If you haven’t updated WhatsApp on your phone yet, security experts around the world are urging users to update the popular messaging app or risk having hackers access their files, messages or carry out a Denial of Service (DoS) or Remote Code Execution (RCE) attack.
What’s especially dangerous about RCE is that it allows threat actors to attack devices remotely without any kind of authentication.
Facebook recently posted a security advisory regarding the bug, which it called “stack-based buffer overflow” which could be triggered by sending a specially crafted MP4 file to a WhatsApp user.
One way for users to mitigate the threat is to avoid opening messages or files sent by unknown contacts. However, it’s entirely possible that the malicious video files could come from your own trusted contacts who unwittingly forward them.
The WhatsApp vulnerability, CVE-2019-11931, has been rated at 7.8 on the CVE scale, meaning that it is a high-risk vulnerability.
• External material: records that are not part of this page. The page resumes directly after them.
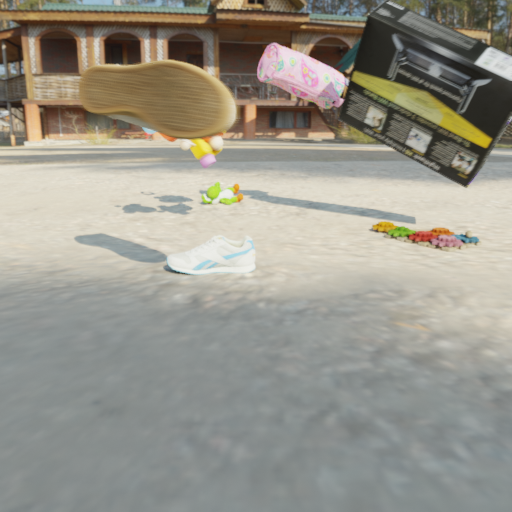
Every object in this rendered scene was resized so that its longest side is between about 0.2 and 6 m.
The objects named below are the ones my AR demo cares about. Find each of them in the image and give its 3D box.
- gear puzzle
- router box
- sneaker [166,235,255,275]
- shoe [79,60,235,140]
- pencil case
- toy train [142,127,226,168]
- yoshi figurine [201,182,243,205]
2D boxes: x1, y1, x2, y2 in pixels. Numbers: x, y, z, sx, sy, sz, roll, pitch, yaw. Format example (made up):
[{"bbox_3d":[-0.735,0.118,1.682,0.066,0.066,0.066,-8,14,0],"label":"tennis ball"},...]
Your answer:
[{"bbox_3d":[3.374,-0.507,11.517,1.193,0.302,2.304,-10,17,-35],"label":"gear puzzle"},{"bbox_3d":[3.382,-3.125,11.003,3.164,2.488,0.826,33,56,15],"label":"router box"},{"bbox_3d":[-0.733,-0.028,9.076,1.436,0.580,0.549,-3,16,-8],"label":"sneaker"},{"bbox_3d":[-1.113,-1.872,6.620,2.376,0.831,0.634,20,17,32],"label":"shoe"},{"bbox_3d":[1.079,-4.096,12.897,2.125,0.929,0.929,14,5,-33],"label":"pencil case"},{"bbox_3d":[-1.379,-3.131,12.100,0.789,2.131,2.837,-31,26,29],"label":"toy train"},{"bbox_3d":[-0.950,-1.757,15.840,1.203,0.673,0.676,-12,25,-30],"label":"yoshi figurine"}]
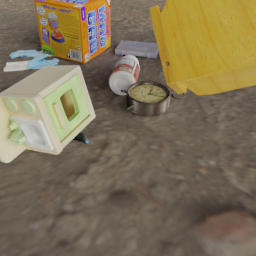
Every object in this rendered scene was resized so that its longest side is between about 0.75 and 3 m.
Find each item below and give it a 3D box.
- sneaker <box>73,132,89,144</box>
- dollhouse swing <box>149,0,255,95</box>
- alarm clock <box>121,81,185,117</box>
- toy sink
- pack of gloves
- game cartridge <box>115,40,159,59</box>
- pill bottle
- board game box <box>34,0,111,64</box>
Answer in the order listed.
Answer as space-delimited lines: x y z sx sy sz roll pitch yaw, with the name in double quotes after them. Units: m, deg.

It affects Android, iOS as well as Windows Phone users of not just regular WhatsApp, but also WhatsApp for Business and WhatsApp for Enterprise.
WhatsApp is currently the most popular messenger app globally with more than 1.5 billion monthly active users.
This announcement comes just over a month after WhatsApp’s last “update now” warning to users following a previous bug which allowed an attacker to use a malicious GIF image file to access user content on an exploited smartphone.
Just a few weeks ago, there were also reports that “unknown entities” were using an Israeli spyware called Pegasus to hack into the phones of around 1,400 users (including diplomats, political dissidents, journalists and senior government officials), to spy on them by exploiting WhatsApp’s video calling system.
Users with the latest build of WhatsApp are safe and WhatsApp has since issued a security update to fix the bug. The various vulnerabilities should remind you to always be vigilant about updates and to keep your apps and software current because vulnerabilities are known to happen all the time.